In den darauffolgenden Kapiteln werden die Instrumente beschrieben, mit denen Deutschland bis heute durch die Alliierten kontrolliert wird. Es ist paradoxerweise das Thema der Terrorismusbekämpfung und die salafistisch geprägte Radikalisierung, die in Deutschland dazu geführt hat, dass die seit der Nachkriegszeit durch die Alliierten eingeführte deutsche Sicherheitsarchitektur unter Druck geraten ist. Durch eine Vielzahl von Gegensteuerungsmaßnahmen, wie z.B. zentrale Datenbanken oder gemeinsame Lagezentren, oder das 2017 in Kraft getretene BND-Gesetz ebenso das Weißbuch, versucht die Bundesregierung die unzeitgemäße und starre deutsche Sicherheitsstruktur wieder flott zu machen. Angesichts der enormen externen Herausforderungen kommen diese Maßnahmen aber zu spät oder tragen schlichtweg das falsche Etikett. Betrachtet man die sogenannten Sicherheitspakte und die legistische Aufrüstung der Sicherheitsbehörden aus einer gewissen Distanz, so kann man sich des Verdachtes nicht erwehren, dass sich die Bundesregierung weniger auf terroristische Bedrohungslagen einstellt, als vielmehr zu erwartende soziale Unruhen.

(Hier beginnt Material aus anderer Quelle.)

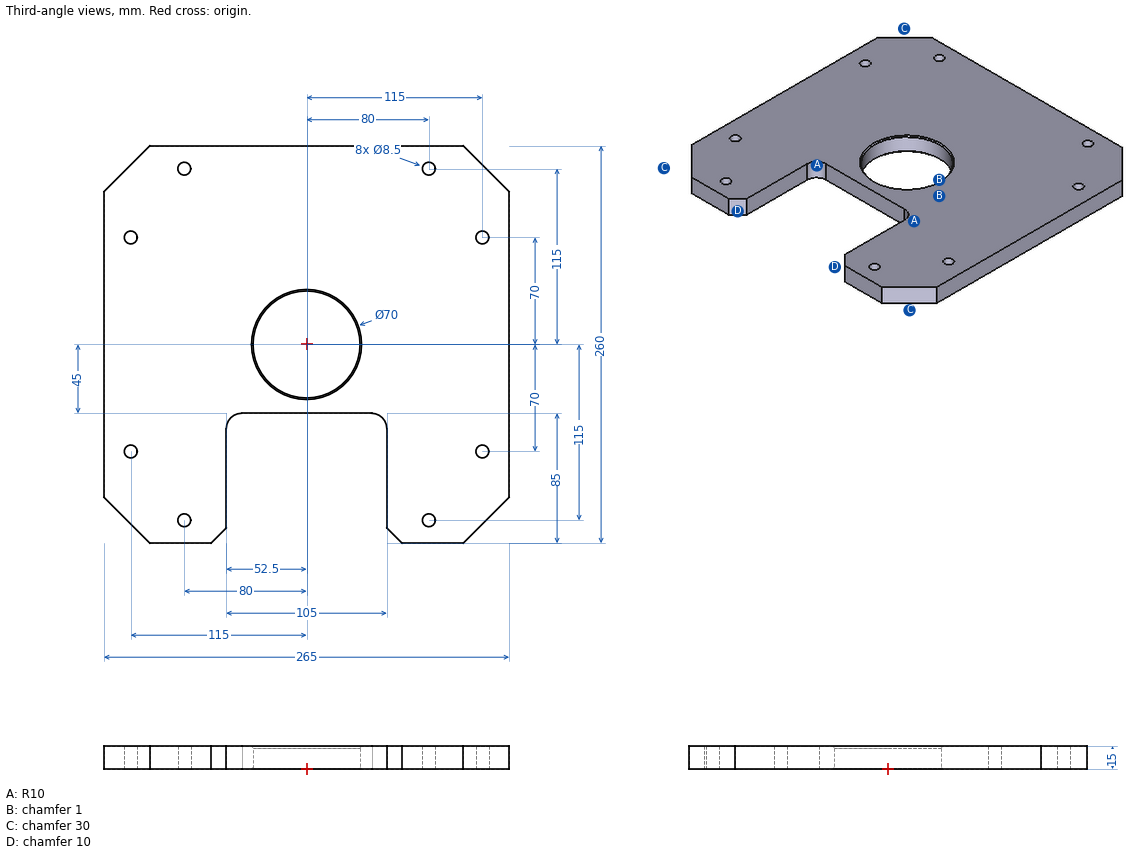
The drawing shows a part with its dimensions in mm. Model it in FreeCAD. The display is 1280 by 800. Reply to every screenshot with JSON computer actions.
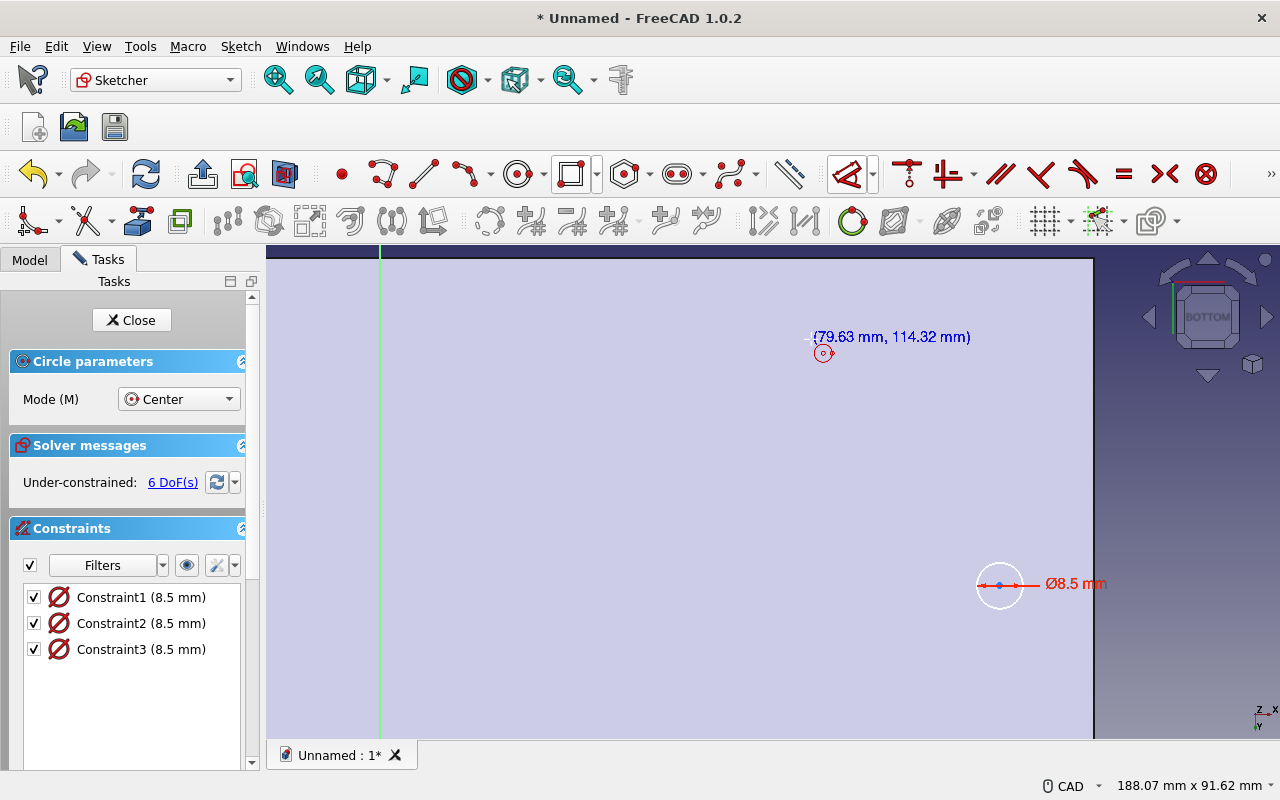
{"action": "scroll", "coordinate": [811, 339], "scroll_direction": "down", "scroll_amount": 7}

Der dritte und letzte Teil des Buches beschäftigt sich mit dem sicherheitspolitischen Umfeld, also mit der Frage, was auf Europa und insbesondere Deutschland zukommt. Das Flüchtlingsaufkommen vor dem Hintergrund bereits in Europa und Deutschland existierender salafistischer Strukturen wird als eine der zentralen gesellschaftspolitischen Herausforderungen charakterisiert. Die sich solcherart abzeichnenden sicherheitspolitischen Gefährdungen werden noch zusätzlich durch deutliche Erodierungstendenzen der EU verstärkt. Schon heute hat die Brexit-Abstimmung in Großbritannien die geopolitische Landkarte Europas nachhaltig beeinflusst. Auch die NATO als Anker europäischer Sicherheit steht vor Veränderungen. Sollte sich die NATO, nach Vorstellungen des amerikanischen Präsidenten verstärkt der Terrorismusbekämpfung widmen, so hat das politisch wie militärisch fundamentale Änderungen der NATO-Struktur zur Folge. Schon heute werden europäische Lösungen oder europäische bilaterale militärische Ansätze in einem neuen Licht diskutiert. Deutschland, ob es will oder nicht, wird in eine europäische Führungsrolle gedrängt und löst damit historisch bedingte Ressentiments bei den osteuropäischen Partnerstaaten aus. Noch nie war die EU so gespalten wie Anfang 2017. Diese Tendenz wird sich wohl fortsetzen und fordert den Weiterbestand der EU, so wie wir sie kenne, nachhaltig heraus. Diese Themen werden im letzten Teil des Buches beschrieben.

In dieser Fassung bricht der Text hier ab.